With the working conditions that young vets face, the only thing keeping them in the job is their work satisfaction. If we start making a song and dance about every small thing, we are going to lose them, and that ruins it for everybody.

This is not an argument for not holding vets to account for major mistakes. But even here, handling them badly can be career-ending or worse. Most vets care deeply about what they do, especially poor outcomes that they feel responsible for.

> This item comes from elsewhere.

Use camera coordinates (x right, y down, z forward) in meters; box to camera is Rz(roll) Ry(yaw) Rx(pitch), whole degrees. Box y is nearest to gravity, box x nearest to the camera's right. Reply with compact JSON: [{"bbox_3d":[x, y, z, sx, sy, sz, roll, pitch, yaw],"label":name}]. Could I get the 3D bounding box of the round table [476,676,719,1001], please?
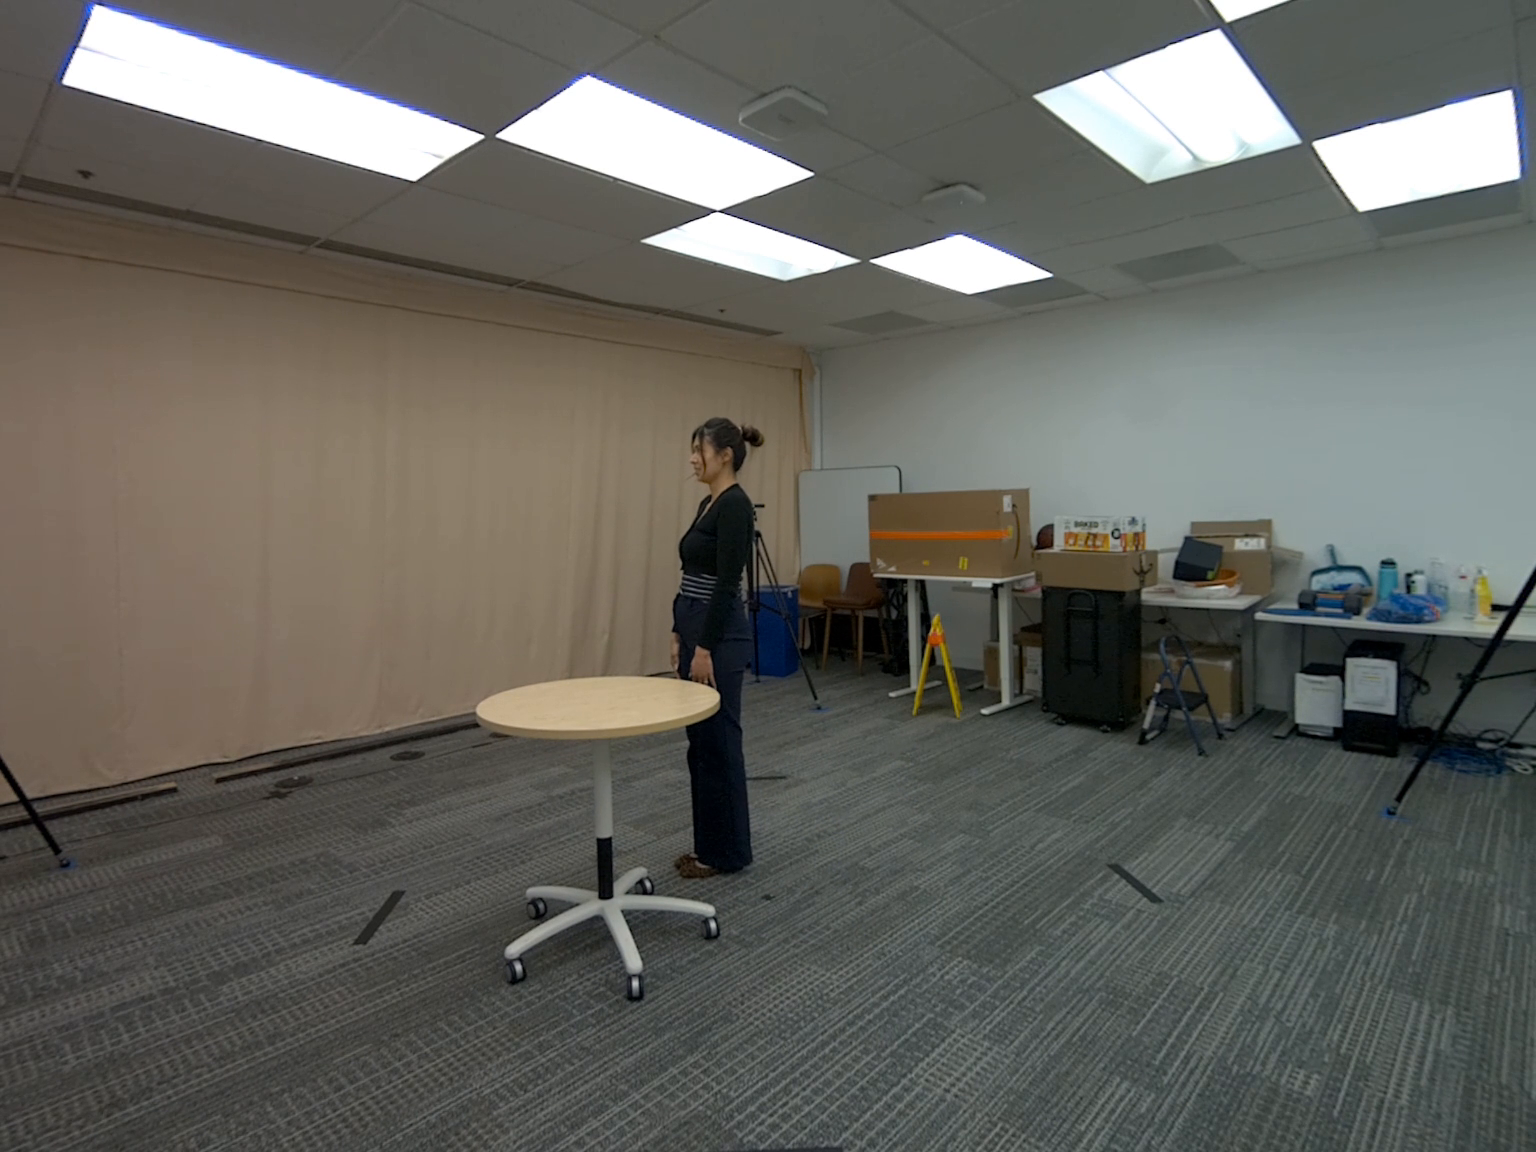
[{"bbox_3d":[-0.522,0.789,2.693,0.763,0.792,0.766,-2,3,-2],"label":"round table"}]

Blame or punishment might feel like the natural response. However, you will usually find that inviting an open conversation leads not only to better practical solutions but also genuine healing for everyone.

It’s A Partnership

The truth is that we need each other. As much as vets need your trust, they could also benefit from what you’ve learned. You can help by doing it as respectfully as you can; perhaps by trying to picture yourself in the same position. And there’s always a chance that what you’ve read is only part of the story, or not relevant to Australia.

Personally, I’m quite comfortable not holding as much information in my brain as the sum total of all the internet-connected devices on the planet. I just hope that you are too. Because this situation is here to stay, and it could be yet another nail in the coffin of accessible vet care.

Have something to add? Comments (if open) will appear within 24 hours.
By Andrew Spanner BVSc(Hons) MVetStud, a vet in Adelaide, Australia. Meet his team here.

One Reply to “Had A Bad Vet Experience? Please Read This”

  1. I’m an American, also a retired Trauma RN of 30 years. So, I have medical knowledge, albeit human, many issues cross species and the treatment generally follows suit.

    On Feb 2nd of 2021 me and Smudge, my 4 legged hirsute son … a now 9 yo Chihuahua began our year and half odyssey, which I’ve had the misfortune to run into veterinarians with all levels of skill sets. We’ve seen vets who got As in College and those who most likely needed to take their Boards a few times.

    What is scary, is if I with a medical background who knows what to look for, or what I’m looking at has issues. What will become of those pets, who aren’t so lucky.

    A recent episode, when I couldn’t get him into his primary vet, and had to rely on Emergency Vets for the weekend. He saw 2 different vets, in 36 hours before the 3rd one diagnosed him correctly and admitted him for 3 days of treatment with TRIPLE ANTIBIOTICS, fluids and monitoring. The 2 prior, would not listen to what u told them, and I’m not the pushy type … saying look at my background, I try to be a help not hindrance. But that has a 33% success rate. Which us scary.

    My advice … dont be afraid to get 2nd and 3rd opinions if you don’t feel satisfied with a 2 min exam, and off ya go. You know what your pets baseline is. When they look at them, especially if they haven’t seen your pet before that day. If something amiss doesn’t immediately jump out at them. Then that is their baseline for your pet. No matter how much you say, this is not how they normally are. So if it’s something they have to go look for, they may not go looking for it.